--- TO DO ---
Your result should be every line of the records below that contains the word "made".

=======

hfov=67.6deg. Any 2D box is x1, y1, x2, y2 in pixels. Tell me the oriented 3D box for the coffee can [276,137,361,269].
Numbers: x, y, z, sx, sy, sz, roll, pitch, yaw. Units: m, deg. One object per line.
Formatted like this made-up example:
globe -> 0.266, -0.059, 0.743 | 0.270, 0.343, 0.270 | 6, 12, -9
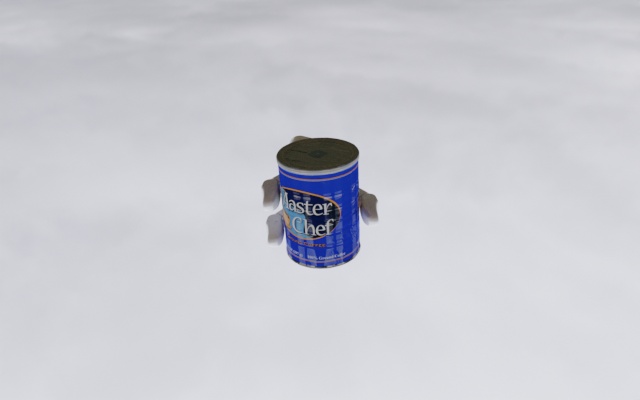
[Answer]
coffee can -> 0.000, 0.002, 0.620 | 0.103, 0.140, 0.102 | -3, 29, 1
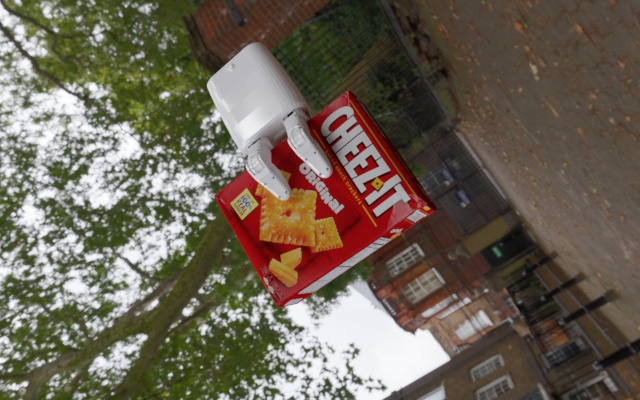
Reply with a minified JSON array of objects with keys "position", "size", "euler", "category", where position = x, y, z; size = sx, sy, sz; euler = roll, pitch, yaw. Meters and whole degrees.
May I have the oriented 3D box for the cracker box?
[{"position":[0.000,0.002,0.570],"size":[0.214,0.164,0.072],"euler":[-36,-17,15],"category":"cracker box"}]
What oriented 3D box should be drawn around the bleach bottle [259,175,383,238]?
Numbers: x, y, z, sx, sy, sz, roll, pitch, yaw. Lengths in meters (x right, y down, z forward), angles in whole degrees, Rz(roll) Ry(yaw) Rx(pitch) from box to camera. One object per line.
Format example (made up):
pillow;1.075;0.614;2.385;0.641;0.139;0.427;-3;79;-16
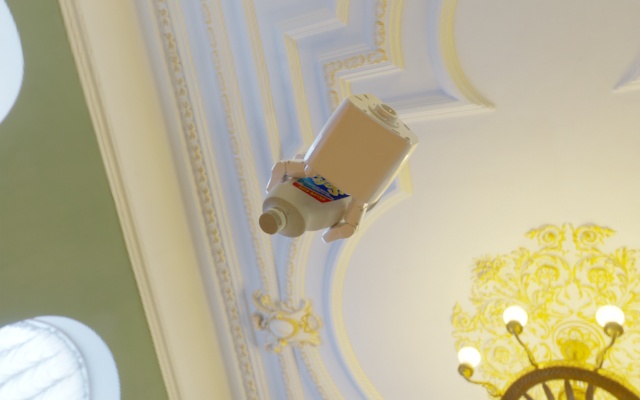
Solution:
bleach bottle;0.000;0.002;0.691;0.102;0.068;0.250;41;30;12
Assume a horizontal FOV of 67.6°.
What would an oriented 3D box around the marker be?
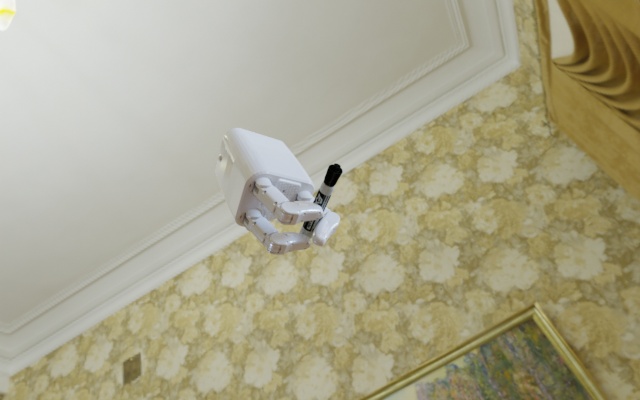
[{"bbox_3d":[0.000,0.002,0.616,0.020,0.121,0.020,16,36,-12],"label":"marker"}]
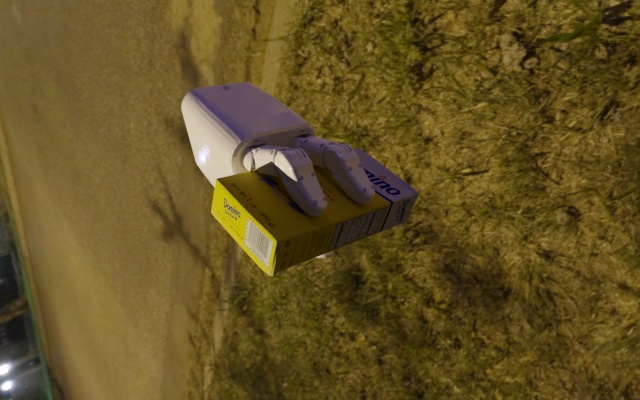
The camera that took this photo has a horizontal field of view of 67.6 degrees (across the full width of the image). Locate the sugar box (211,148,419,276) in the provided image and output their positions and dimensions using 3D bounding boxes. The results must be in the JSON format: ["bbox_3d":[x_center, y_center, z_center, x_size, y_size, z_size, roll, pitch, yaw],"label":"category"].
[{"bbox_3d":[0.000,0.001,0.445,0.176,0.048,0.093,-20,48,-38],"label":"sugar box"}]
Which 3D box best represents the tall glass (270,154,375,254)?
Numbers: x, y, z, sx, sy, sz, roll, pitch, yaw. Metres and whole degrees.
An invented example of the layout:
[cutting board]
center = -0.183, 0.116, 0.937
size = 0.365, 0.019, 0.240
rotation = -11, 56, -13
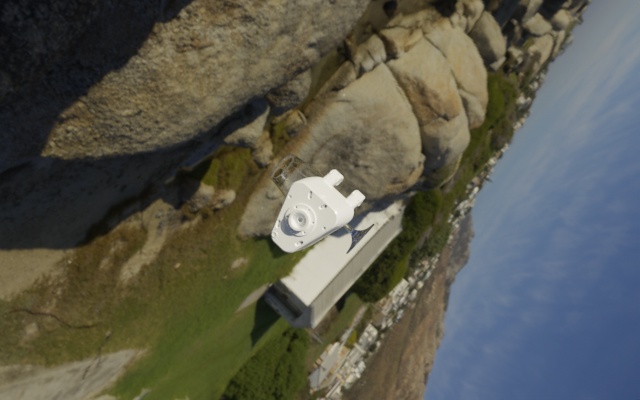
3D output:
[tall glass]
center = 0.001, 0.003, 0.874
size = 0.201, 0.079, 0.079
rotation = 43, 7, 8

=======

--- YOUR RESPONSE ---
Formatted like this made-up example:
Format example (made up):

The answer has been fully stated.